Vučković, Myriam. (2008). Voices from Haskell: Indian students between two worlds, 1884-1928. Lawrence, KS: University Press of Kansas. In 1884, 22 Ponca and Ottawa children were enrolled to be taught Anglo-Protestant cultural values at the boarding school. Since that time, tens of thousands for students from numerous tribal heritages have attended school, which has changed with the times.
Also view:
Farley, Alan W. (1955). The Delaware Indians in Kansas: 1829-1867. Kansas City, MO: Author.
Originally a paper read in 1955 to the Kansas City Posse of the Westerners, this 16-page booklet encompasses far more than Delaware residence in Kansas and includes missions, trading posts, ferries, skirmishes with Pawnees, treaties, reservations, and final removal of Delaware from Kansas. "Many of the Delaware settled and built rude cabins along the military trail leading from the crossing to Fort Leavenworth. Some of the more prosperous members of the nation built more pretentious homes and farmed, eventually more than 1,500 acres on the reserve coming under cultivation. But a large proportion of the tribe loved to roam the plains in pursuit of buffalo." (p.4).

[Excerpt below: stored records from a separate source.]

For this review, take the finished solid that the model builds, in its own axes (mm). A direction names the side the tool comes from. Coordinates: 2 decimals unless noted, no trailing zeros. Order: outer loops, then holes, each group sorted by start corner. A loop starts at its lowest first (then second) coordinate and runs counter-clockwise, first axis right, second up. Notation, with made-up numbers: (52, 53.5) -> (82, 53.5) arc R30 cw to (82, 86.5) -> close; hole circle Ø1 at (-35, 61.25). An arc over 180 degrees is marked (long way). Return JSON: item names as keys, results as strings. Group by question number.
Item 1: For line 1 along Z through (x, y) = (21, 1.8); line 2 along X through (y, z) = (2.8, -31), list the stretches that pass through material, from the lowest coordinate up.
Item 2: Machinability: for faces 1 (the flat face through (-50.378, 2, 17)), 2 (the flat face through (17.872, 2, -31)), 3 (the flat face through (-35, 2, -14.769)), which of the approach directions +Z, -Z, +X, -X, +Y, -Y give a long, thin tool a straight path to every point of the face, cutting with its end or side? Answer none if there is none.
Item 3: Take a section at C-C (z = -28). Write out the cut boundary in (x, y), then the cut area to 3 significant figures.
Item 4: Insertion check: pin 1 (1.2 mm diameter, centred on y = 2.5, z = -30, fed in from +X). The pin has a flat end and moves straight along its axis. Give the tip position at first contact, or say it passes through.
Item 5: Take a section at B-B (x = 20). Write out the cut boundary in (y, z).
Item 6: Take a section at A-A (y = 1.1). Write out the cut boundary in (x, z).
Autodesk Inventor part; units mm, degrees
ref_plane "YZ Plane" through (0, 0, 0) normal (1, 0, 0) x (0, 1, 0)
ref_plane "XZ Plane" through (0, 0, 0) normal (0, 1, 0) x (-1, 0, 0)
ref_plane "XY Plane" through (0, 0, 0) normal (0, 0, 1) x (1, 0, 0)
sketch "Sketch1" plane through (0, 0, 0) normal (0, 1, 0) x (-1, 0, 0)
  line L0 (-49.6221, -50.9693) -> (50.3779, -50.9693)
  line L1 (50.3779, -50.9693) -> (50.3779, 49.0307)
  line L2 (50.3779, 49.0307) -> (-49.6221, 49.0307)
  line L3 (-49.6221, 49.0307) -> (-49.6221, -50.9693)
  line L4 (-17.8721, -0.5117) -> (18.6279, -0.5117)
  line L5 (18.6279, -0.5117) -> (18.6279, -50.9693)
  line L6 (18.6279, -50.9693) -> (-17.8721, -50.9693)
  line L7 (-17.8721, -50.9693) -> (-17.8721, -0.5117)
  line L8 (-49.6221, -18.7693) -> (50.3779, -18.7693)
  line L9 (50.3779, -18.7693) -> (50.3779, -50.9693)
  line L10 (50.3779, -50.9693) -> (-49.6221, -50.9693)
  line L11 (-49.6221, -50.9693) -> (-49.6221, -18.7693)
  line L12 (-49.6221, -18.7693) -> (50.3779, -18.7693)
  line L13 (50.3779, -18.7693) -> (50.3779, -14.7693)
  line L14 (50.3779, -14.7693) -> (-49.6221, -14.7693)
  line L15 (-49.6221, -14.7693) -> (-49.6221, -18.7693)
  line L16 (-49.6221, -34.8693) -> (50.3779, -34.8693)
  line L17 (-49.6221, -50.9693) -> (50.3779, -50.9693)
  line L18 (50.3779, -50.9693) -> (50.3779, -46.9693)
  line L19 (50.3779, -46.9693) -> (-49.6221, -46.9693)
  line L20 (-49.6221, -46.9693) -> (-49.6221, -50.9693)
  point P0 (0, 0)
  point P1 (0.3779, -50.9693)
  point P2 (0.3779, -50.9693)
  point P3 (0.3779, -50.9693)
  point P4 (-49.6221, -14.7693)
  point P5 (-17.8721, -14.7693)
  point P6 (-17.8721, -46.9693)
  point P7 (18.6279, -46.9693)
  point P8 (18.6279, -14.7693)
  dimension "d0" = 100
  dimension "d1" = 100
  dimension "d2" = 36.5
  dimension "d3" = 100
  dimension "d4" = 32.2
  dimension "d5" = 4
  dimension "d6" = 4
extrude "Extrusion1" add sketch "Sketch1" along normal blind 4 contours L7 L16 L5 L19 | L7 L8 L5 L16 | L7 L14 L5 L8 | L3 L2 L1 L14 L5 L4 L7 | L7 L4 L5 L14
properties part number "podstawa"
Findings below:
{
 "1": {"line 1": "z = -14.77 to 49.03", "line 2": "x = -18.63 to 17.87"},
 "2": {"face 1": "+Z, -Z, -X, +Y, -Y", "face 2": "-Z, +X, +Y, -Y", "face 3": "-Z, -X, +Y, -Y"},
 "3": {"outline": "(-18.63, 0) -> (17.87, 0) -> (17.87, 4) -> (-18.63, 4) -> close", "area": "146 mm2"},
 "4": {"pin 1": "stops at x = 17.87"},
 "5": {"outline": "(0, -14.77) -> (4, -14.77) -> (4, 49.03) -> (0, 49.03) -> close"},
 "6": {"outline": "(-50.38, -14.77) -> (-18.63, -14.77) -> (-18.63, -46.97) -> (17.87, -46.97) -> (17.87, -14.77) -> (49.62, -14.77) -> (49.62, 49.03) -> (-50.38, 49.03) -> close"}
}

Obermeyer, Brice, & Bowes, John. (2016). The lands of my nation: Delaware Indians in Kansas, 1829-1869. Great Plains Quarterly, 36(1), 1-30. Obermeyer and Bowes thoroughly detail the complexities of obtaining reservation land in Kansas, keeping it, and being relocated when the treaty dissolved in 1866, and obtaining their own land. To come to Kansas, the Osage and Kansas had to give up their land in the 1829 treaty signed by 11 Delaware, who, in turn, gave up their land in southwest Missouri on the James Fork of the White River for their Kansas reservation at the confluence of the Kansas and Missouri Rivers. The Delaware also received a 10-mile wide land strip that led into land of the Pawnee to Pawnee ire. The majority of Delaware came to what would be Kansas by 1831, building homes in the eastern third of the reservation and along Stranger Creek and missions. They did business in Fort Leavenworth and traveled working in the fur trade. In 1846, an estimated 1,132 Delaware lived on the reservation. An 1863 report noted the one brick, 51 frame, and 250 log houses on the Delaware-owned land with many farming more than 50 acres. The tribe let the Munsee and Stockbridge live on some land, sold land to the Wyandotte removed from Ohio, ceded land to the U.S. government for settlers, set aside land for a group intertwined with the Delaware known as the Christian Indians that numbered about 200 individuals. After years of harassment by trespassers, squatters, and thieves, the Delaware agreed to sell the remainder of their reservation land. They didn’t have a place to go and the Indian Territory didn’t have any open land. But they finally were able to buy land from the Cherokee in 1867, a decision that would leave them a landless tribe without federal recognition.
Dixon, Benjamin. (2007). Furthering their own demise: How Kansa Indian death customs accelerated their depopulation. Ethnohistory, 54(3). Advancing his thesis that the Kansa’s death customs increased their depopulation, Dixon also presents a view of the Kansa during the 1800s.
Johnson, Alfred. (1991). Kansa origins: An alternative. Plains Anthropologist, 36(133), 57-65. Johnson examined data and suggests that Kansa sites in northeastern Kansas might be Oneota sites instead and that the Kansa ancestral territory was south of the Kansas River.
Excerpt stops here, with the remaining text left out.